(Data items)
═══

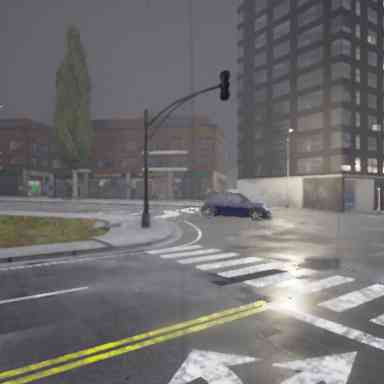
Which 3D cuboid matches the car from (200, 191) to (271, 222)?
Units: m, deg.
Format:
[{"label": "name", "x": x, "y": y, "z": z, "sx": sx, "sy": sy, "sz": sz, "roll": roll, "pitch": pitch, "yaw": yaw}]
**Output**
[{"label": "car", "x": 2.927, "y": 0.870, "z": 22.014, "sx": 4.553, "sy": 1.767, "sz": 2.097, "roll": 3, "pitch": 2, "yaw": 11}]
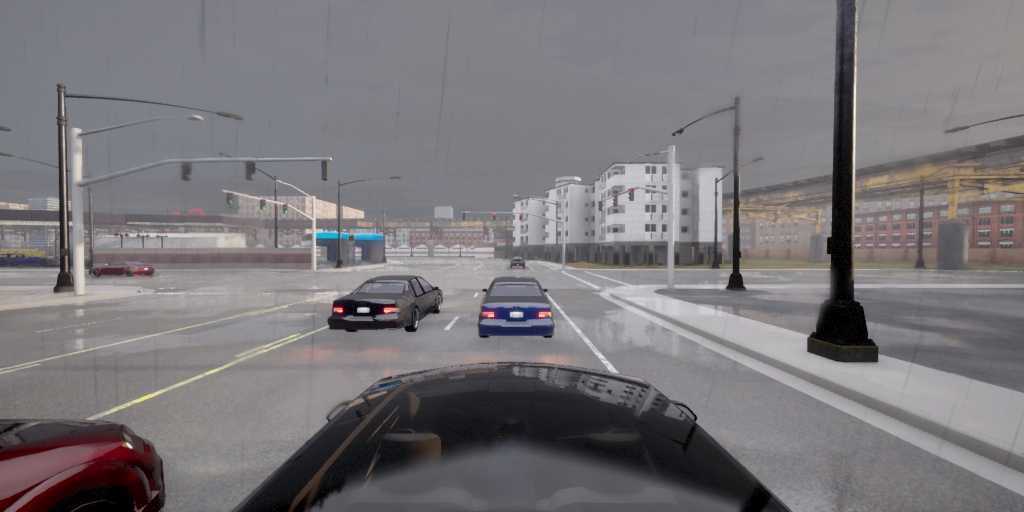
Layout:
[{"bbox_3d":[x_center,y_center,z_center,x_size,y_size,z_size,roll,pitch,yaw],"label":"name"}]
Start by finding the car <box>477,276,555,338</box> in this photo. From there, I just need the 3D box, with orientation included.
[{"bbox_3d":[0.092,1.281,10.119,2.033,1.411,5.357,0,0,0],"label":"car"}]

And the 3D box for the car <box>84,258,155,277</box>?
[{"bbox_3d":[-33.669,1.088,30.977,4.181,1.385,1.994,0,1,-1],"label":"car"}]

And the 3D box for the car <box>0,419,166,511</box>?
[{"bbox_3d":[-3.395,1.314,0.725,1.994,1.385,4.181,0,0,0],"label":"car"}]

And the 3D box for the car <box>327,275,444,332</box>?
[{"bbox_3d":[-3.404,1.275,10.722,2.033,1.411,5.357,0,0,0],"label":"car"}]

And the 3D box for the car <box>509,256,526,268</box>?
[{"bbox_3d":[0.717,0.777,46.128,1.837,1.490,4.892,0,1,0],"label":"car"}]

═══

* [Assigned task]
Make an exact copy of each line, beginning at the one containing "Start by finding" and ending with the last line of the data, and of no other line.

* [Output for this task]
Start by finding the car <box>477,276,555,338</box> in this photo. From there, I just need the 3D box, with orientation included.
[{"bbox_3d":[0.092,1.281,10.119,2.033,1.411,5.357,0,0,0],"label":"car"}]

And the 3D box for the car <box>84,258,155,277</box>?
[{"bbox_3d":[-33.669,1.088,30.977,4.181,1.385,1.994,0,1,-1],"label":"car"}]

And the 3D box for the car <box>0,419,166,511</box>?
[{"bbox_3d":[-3.395,1.314,0.725,1.994,1.385,4.181,0,0,0],"label":"car"}]

And the 3D box for the car <box>327,275,444,332</box>?
[{"bbox_3d":[-3.404,1.275,10.722,2.033,1.411,5.357,0,0,0],"label":"car"}]

And the 3D box for the car <box>509,256,526,268</box>?
[{"bbox_3d":[0.717,0.777,46.128,1.837,1.490,4.892,0,1,0],"label":"car"}]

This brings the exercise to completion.